MS-2-P-1745 Electron microscopic evidence for a tribologically induced phase transformation as the origin of wear in diamond

Zhang X.1, Schneider R.1, Müller E.1, Mee M.2, Meier S.2, Gumbsch P.1, 2, Gerthsen D.1
1Karlsruhe Institute of Technology (KIT), Karlsruhe, Germany, 2Fraunhofer Institute for Mechanics of Materials IWM, Freiburg, Germany
xinyi.zhang2@kit.edu

The origin of wear and the low friction coefficient of diamond is still an intensely debated problem in tribology. Here we study coarse-grained diamond films, deposited by plasma-enhanced chemical vapor deposition, which were tribologically loaded on a ring-on-ring tribometer against a similar diamond counterpart. The microstructure of worn and unworn regions of the diamond film was studied by transmission and scanning electron microscopy. Amorphous carbon (a-C) layers are observed on both as-deposited and on tribologically tested diamond, but differ significantly as far as thickness and morphology are concerned. The a-C layer with a thickness of up to several 100 nm on as-deposited diamond is attributed to the plasma deposition process. For the tribologically tested region of the film, the TEM images (Fig. 1) demonstrate that the µm-sized grains at the rough original diamond surface are almost completely flattened indicating that a significant amount of material must have been removed including the residual a-C layer from the deposition process. In contrast to the as-deposited a-C residue, the tribo-induced a-C layer is comparably uniform with a thickness below 100 nm. The TEM sample from the wear track prepared by conventional techniques (Fig. 2) confirms the findings of the FIB-prepared sample. A few of the TEM samples containing a tribo-induced a-C layer contain grain boundaries of the underlying polycrystalline diamond in the electron transparent region. It is found that the thickness of the a-C layer changes quite abruptly on grains with different crystallographic orientations (white arrow in Fig. 2). Fig. 3 clearly shows that the interface between the crystalline diamond and the tribo-induced amorphous a-C layer is not crystallographically flat but displays a nm-scale roughness. The anisotropic phase transformation and the small roughness of the interface are regarded as evidence for an atom-by-atom wear process. Quantitative electron energy loss spectroscopy of the C-K ionization edge, performed in a transmission electron microscope, reveals the transition from sp3-hybridized C-atoms in diamond to a high fraction (65 %) of sp2-hybridized C-atoms in the tribo-induced a-C layer within a region of less than 5 nm thickness.

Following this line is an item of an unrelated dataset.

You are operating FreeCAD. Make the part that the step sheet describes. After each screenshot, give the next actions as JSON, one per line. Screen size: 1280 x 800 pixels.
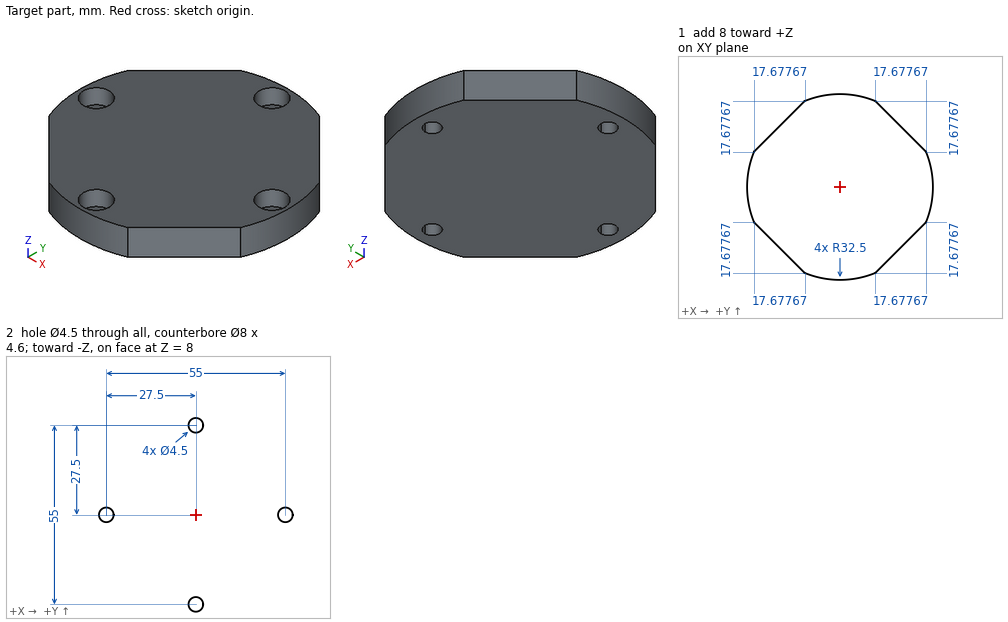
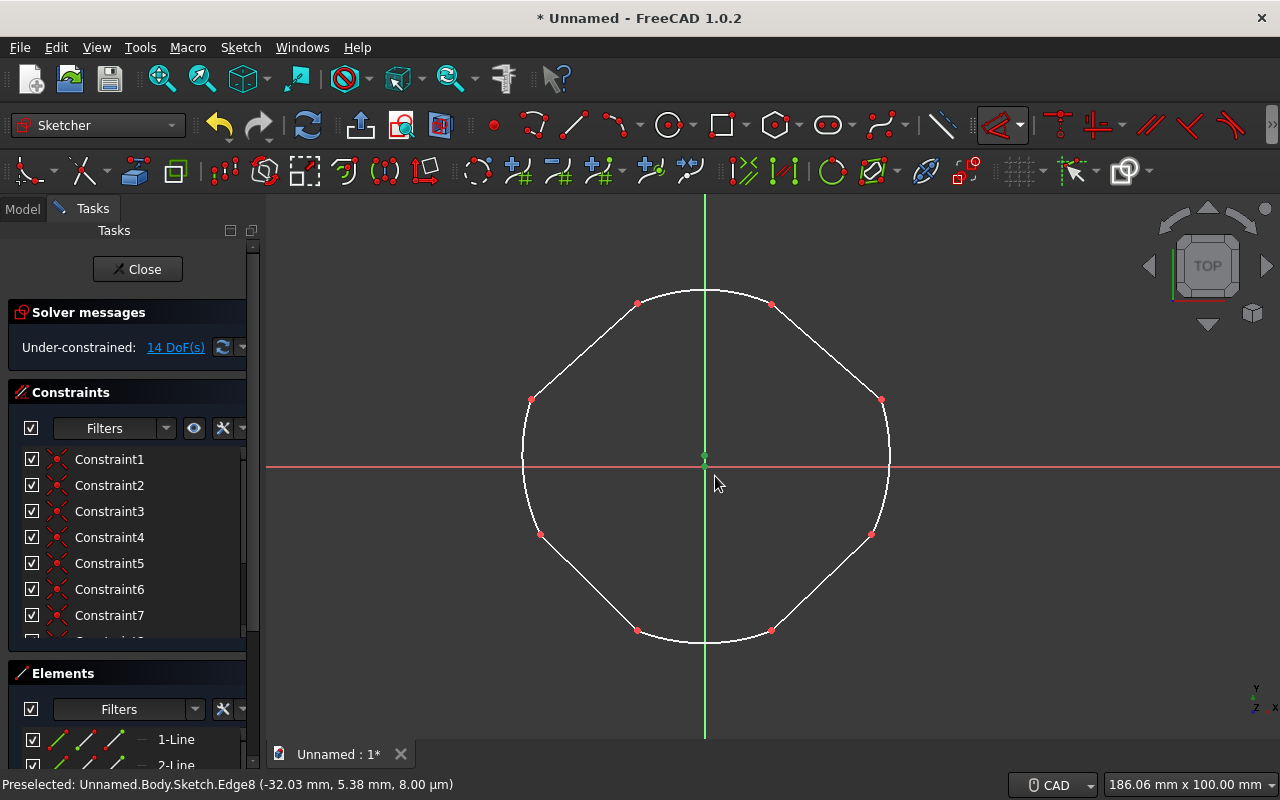
{"action": "left_click", "coordinate": [1058, 126]}

XZ acknowledges funding from China Scholarship Council (CSC) (No. 2010606030). PG acknowledges support from Deutsche Forschungsgemeinschaft DFG (project grant Gu 367/30).

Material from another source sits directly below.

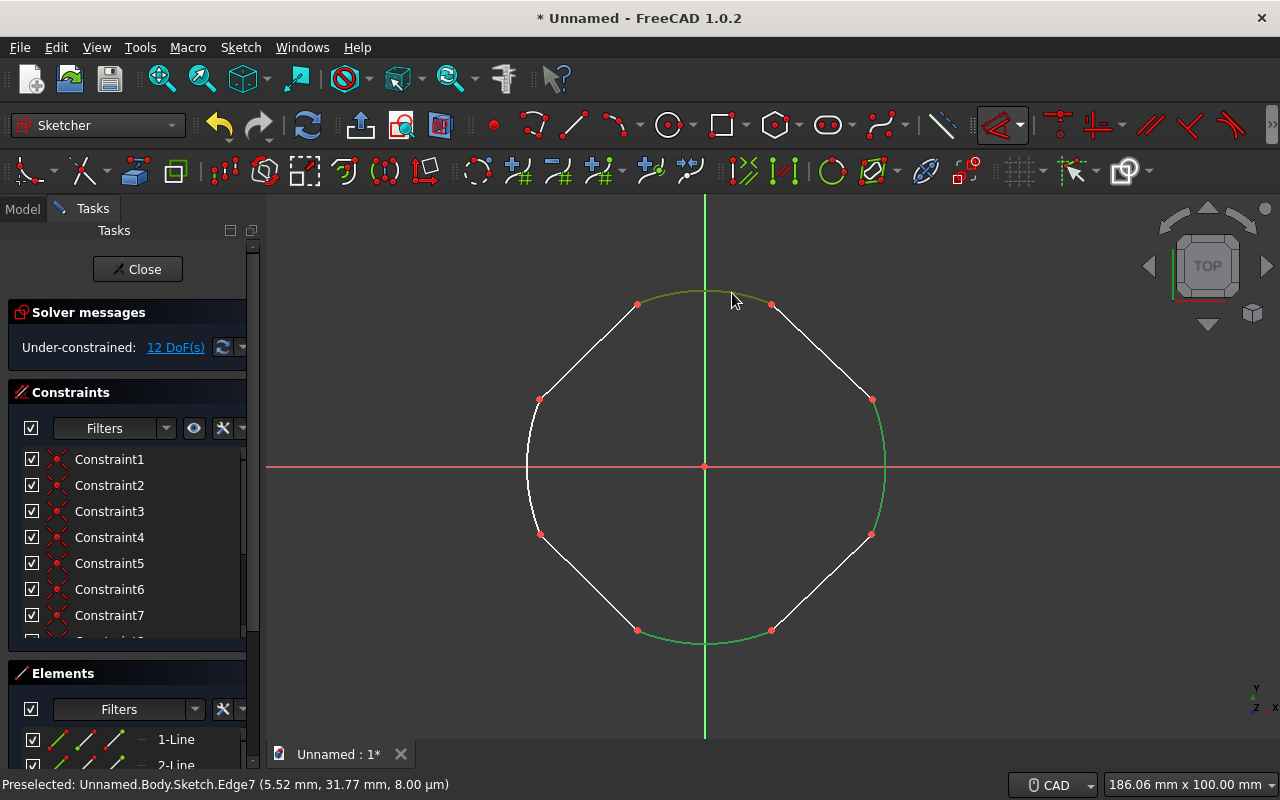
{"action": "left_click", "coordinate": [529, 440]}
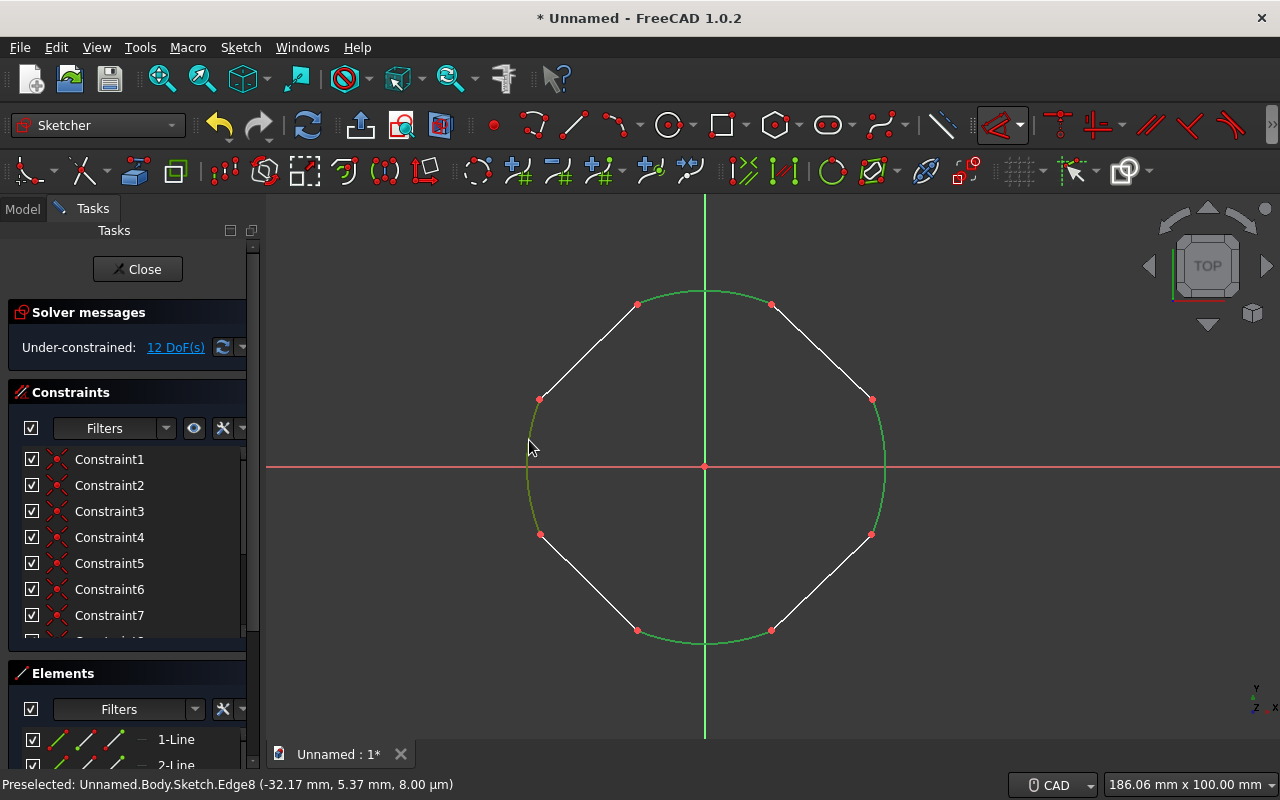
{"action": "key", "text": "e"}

Fig. 1: Overview TEM image of a cross-section FIB-lamella taken from the wear-track region.

Fig. 2: Overview TEM image of a conventional cross-section TEM sample prepared from the wear-track region.

Fig. 3: HRTEM image of the interface region between crystalline diamond and the tribo-induced amorphous carbon layer with the diamond oriented along the [111] zone axis. The approximate position of the interface is marked by a dashed line.